__Data records__

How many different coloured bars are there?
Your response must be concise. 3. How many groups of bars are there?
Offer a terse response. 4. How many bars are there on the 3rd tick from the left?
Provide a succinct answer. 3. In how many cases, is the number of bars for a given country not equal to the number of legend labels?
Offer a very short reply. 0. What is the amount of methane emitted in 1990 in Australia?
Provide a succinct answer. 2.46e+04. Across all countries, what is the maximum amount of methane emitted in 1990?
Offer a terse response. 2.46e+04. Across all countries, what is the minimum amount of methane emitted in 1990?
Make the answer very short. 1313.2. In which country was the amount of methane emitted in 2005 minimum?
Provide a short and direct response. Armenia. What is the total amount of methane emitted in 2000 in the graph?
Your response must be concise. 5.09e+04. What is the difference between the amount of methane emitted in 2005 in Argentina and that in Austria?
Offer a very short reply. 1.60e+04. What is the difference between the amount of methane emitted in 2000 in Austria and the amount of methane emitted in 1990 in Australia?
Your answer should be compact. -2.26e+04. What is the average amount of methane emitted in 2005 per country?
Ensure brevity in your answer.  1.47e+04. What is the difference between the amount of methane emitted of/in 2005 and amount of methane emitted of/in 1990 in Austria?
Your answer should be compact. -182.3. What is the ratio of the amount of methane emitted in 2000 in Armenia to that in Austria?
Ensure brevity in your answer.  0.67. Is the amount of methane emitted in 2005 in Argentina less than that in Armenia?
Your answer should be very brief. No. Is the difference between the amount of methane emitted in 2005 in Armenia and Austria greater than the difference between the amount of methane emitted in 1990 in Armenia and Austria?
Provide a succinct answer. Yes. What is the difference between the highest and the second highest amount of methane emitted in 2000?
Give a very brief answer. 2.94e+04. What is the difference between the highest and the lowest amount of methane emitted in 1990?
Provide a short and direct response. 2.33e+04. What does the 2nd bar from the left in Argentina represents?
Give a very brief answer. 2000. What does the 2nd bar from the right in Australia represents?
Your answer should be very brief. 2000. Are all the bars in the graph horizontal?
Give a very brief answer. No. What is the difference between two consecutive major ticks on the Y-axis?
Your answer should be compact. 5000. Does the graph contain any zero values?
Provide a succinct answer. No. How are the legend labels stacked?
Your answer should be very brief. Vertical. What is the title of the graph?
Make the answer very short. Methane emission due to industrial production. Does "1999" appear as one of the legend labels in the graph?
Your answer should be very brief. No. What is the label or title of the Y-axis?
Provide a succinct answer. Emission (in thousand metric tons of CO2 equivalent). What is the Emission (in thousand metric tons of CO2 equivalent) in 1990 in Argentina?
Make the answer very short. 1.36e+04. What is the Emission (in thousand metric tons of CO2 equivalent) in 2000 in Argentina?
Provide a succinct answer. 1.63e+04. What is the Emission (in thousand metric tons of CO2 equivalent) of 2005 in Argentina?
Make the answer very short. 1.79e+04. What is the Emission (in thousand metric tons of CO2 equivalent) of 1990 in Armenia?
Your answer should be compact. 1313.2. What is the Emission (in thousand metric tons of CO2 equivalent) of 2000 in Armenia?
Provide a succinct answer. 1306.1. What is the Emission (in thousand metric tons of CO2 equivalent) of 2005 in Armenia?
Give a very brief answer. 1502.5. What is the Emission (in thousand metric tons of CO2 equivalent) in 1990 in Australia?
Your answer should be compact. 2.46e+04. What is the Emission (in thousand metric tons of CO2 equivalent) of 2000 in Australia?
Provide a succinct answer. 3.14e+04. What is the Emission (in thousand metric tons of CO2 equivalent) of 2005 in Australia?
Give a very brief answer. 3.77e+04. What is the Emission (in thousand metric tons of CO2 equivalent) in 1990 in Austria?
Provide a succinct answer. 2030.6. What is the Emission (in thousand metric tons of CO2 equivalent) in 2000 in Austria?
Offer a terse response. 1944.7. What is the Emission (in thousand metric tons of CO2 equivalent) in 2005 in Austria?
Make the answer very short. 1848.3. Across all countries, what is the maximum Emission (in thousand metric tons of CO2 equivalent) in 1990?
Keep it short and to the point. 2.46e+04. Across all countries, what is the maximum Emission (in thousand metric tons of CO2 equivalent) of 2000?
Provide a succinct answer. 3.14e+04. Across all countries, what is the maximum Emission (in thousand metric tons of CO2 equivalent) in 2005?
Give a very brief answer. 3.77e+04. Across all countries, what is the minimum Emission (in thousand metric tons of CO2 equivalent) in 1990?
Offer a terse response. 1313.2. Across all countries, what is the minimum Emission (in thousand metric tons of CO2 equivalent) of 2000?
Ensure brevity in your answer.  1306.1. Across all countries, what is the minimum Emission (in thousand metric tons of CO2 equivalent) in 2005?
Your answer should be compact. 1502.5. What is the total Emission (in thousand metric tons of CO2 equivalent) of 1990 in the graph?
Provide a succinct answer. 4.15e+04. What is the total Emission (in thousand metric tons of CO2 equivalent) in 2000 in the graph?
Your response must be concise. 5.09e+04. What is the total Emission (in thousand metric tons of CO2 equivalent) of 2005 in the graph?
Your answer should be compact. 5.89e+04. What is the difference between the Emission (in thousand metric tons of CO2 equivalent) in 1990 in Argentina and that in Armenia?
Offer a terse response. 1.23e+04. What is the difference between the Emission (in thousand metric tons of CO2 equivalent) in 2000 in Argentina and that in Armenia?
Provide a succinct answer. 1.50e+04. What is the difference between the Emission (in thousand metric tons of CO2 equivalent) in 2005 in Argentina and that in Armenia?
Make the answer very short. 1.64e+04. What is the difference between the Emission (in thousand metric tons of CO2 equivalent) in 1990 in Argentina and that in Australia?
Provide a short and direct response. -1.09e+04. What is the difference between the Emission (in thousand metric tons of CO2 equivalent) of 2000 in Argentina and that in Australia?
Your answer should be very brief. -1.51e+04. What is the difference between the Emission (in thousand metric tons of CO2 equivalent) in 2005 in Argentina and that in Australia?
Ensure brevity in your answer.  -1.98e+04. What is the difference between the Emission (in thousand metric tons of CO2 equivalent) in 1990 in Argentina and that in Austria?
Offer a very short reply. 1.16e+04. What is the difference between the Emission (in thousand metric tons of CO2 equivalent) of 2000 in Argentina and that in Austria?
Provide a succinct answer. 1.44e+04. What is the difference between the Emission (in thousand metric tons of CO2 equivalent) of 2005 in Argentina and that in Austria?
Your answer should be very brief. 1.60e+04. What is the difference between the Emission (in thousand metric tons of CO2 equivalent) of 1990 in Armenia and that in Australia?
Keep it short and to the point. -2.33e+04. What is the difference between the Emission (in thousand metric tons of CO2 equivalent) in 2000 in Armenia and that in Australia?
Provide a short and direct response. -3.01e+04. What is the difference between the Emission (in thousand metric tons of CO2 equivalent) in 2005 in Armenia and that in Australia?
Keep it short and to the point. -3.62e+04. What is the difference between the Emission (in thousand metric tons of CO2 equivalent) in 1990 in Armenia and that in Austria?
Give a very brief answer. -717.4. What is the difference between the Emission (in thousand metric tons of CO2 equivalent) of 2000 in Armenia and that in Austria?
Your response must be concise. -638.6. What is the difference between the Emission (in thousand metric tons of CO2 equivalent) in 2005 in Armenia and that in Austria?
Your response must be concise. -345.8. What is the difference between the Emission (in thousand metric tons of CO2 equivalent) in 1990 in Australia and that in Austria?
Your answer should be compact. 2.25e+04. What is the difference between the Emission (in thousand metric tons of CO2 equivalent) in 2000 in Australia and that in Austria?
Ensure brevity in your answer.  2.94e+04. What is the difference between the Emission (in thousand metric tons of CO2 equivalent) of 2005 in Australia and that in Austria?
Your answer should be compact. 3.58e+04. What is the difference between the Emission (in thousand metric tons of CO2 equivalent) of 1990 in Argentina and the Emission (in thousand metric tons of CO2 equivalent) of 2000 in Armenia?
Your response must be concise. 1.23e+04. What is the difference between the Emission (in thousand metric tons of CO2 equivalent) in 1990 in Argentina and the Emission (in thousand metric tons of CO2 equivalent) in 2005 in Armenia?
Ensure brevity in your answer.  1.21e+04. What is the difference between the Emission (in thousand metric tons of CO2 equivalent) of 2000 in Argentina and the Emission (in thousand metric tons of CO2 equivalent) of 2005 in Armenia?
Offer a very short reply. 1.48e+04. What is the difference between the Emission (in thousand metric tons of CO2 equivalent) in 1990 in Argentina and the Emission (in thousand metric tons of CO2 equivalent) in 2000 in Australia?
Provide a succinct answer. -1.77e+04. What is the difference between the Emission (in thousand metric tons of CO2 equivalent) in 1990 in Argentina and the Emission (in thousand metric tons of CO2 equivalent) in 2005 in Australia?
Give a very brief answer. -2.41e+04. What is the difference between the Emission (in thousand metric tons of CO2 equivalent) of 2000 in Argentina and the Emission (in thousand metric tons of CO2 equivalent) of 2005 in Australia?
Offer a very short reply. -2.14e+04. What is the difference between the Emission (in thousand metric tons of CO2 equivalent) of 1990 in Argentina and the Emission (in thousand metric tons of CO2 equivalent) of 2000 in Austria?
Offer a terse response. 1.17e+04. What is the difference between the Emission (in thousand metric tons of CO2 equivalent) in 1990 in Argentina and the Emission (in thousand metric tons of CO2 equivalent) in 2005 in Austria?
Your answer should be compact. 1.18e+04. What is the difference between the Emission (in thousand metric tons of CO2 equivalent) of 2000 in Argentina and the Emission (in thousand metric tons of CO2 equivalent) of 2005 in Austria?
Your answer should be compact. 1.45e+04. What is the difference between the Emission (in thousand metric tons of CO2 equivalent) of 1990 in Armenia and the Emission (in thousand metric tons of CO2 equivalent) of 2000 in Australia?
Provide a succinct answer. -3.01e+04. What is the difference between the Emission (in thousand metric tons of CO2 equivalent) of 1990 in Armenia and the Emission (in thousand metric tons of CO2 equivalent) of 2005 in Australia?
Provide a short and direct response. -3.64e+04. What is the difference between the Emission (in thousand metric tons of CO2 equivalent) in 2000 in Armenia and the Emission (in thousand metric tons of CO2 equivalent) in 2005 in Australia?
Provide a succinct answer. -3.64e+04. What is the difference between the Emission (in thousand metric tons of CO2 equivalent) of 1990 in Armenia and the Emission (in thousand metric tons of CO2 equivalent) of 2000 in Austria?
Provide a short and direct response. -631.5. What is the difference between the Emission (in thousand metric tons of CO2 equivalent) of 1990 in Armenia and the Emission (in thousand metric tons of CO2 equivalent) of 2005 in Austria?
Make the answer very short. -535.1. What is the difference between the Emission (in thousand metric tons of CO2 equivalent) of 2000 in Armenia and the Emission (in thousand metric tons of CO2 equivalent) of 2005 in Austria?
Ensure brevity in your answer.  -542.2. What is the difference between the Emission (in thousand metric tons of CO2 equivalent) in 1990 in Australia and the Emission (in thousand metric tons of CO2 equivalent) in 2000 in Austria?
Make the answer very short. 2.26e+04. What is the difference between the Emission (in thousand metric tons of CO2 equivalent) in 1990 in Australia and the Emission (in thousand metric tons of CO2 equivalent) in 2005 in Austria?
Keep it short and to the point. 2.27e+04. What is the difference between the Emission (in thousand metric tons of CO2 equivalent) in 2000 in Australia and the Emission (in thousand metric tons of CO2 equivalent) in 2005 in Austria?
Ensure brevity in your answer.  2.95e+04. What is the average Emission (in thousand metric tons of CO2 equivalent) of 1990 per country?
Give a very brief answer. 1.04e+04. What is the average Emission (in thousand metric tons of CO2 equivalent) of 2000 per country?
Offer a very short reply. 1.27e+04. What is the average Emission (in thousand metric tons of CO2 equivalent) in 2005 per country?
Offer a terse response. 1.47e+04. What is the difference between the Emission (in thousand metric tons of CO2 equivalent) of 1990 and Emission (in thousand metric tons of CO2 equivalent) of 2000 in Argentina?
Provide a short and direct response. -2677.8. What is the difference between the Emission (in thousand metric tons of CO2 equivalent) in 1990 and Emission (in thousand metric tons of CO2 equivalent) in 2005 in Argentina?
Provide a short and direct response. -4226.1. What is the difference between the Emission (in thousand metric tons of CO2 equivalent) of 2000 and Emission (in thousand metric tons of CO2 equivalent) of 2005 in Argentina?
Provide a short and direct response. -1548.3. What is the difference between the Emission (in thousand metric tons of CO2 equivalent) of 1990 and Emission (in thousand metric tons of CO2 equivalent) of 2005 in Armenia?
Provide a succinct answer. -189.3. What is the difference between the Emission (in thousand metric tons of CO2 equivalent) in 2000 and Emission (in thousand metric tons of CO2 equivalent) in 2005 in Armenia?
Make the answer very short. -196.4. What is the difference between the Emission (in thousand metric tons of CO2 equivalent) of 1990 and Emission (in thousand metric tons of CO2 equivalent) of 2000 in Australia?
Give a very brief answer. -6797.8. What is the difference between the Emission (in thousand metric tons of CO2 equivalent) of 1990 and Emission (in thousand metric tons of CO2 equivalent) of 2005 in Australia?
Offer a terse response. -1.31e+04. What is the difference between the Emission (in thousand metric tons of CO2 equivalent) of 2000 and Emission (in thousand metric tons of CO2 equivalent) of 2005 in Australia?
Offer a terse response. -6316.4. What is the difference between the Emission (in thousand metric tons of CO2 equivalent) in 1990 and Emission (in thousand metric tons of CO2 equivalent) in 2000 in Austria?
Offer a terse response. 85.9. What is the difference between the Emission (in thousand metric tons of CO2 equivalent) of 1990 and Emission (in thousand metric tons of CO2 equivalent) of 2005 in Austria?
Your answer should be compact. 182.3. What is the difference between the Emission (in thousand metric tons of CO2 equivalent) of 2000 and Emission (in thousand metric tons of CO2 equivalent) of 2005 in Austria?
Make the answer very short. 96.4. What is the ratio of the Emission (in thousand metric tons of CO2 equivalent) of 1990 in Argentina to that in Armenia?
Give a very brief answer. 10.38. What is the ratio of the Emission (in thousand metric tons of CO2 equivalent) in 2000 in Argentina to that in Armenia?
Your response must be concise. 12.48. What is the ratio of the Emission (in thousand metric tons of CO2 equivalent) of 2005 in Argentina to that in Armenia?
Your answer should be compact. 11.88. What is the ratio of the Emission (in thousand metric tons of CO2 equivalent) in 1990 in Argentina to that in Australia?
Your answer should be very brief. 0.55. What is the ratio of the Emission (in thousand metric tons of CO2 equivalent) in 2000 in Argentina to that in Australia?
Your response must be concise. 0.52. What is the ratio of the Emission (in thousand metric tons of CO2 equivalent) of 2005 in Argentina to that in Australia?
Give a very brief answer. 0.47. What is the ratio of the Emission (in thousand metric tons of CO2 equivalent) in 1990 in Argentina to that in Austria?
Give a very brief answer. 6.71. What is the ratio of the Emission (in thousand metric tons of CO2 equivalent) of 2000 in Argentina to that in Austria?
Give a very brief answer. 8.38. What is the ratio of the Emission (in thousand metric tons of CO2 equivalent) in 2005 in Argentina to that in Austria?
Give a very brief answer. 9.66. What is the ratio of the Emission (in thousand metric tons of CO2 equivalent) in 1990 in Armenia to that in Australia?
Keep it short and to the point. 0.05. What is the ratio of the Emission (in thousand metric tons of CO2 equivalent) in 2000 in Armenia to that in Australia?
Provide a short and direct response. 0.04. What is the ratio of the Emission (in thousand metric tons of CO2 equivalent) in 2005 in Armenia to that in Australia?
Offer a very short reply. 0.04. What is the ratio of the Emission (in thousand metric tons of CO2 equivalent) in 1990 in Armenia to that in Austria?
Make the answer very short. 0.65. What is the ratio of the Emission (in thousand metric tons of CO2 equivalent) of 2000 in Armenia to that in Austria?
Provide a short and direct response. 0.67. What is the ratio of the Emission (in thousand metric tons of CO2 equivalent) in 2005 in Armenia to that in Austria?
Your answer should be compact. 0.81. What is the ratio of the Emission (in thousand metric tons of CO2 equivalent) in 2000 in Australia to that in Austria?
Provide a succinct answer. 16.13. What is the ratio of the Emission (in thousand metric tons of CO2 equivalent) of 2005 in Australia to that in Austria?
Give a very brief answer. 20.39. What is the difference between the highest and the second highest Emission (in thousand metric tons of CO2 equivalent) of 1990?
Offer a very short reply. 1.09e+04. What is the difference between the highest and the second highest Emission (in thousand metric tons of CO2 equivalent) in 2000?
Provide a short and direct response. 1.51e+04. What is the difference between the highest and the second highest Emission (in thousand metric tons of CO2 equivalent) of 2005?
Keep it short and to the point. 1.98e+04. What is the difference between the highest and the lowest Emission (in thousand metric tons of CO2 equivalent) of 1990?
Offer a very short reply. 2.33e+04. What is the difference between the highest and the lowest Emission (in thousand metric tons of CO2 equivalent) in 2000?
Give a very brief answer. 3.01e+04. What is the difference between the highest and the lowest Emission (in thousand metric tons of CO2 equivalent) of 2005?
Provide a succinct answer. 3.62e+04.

__Requirement__
Of the entries above, repeat exactly the lines between the line with "1.21e+04. What is" and the line with "Provide a short and direct response. -3.64e+04.", inclusive, and no others.

__Output of the task__
Ensure brevity in your answer.  1.21e+04. What is the difference between the Emission (in thousand metric tons of CO2 equivalent) of 2000 in Argentina and the Emission (in thousand metric tons of CO2 equivalent) of 2005 in Armenia?
Offer a very short reply. 1.48e+04. What is the difference between the Emission (in thousand metric tons of CO2 equivalent) in 1990 in Argentina and the Emission (in thousand metric tons of CO2 equivalent) in 2000 in Australia?
Provide a succinct answer. -1.77e+04. What is the difference between the Emission (in thousand metric tons of CO2 equivalent) in 1990 in Argentina and the Emission (in thousand metric tons of CO2 equivalent) in 2005 in Australia?
Give a very brief answer. -2.41e+04. What is the difference between the Emission (in thousand metric tons of CO2 equivalent) of 2000 in Argentina and the Emission (in thousand metric tons of CO2 equivalent) of 2005 in Australia?
Offer a very short reply. -2.14e+04. What is the difference between the Emission (in thousand metric tons of CO2 equivalent) of 1990 in Argentina and the Emission (in thousand metric tons of CO2 equivalent) of 2000 in Austria?
Offer a terse response. 1.17e+04. What is the difference between the Emission (in thousand metric tons of CO2 equivalent) in 1990 in Argentina and the Emission (in thousand metric tons of CO2 equivalent) in 2005 in Austria?
Your answer should be compact. 1.18e+04. What is the difference between the Emission (in thousand metric tons of CO2 equivalent) of 2000 in Argentina and the Emission (in thousand metric tons of CO2 equivalent) of 2005 in Austria?
Your answer should be compact. 1.45e+04. What is the difference between the Emission (in thousand metric tons of CO2 equivalent) of 1990 in Armenia and the Emission (in thousand metric tons of CO2 equivalent) of 2000 in Australia?
Provide a succinct answer. -3.01e+04. What is the difference between the Emission (in thousand metric tons of CO2 equivalent) of 1990 in Armenia and the Emission (in thousand metric tons of CO2 equivalent) of 2005 in Australia?
Provide a short and direct response. -3.64e+04. What is the difference between the Emission (in thousand metric tons of CO2 equivalent) in 2000 in Armenia and the Emission (in thousand metric tons of CO2 equivalent) in 2005 in Australia?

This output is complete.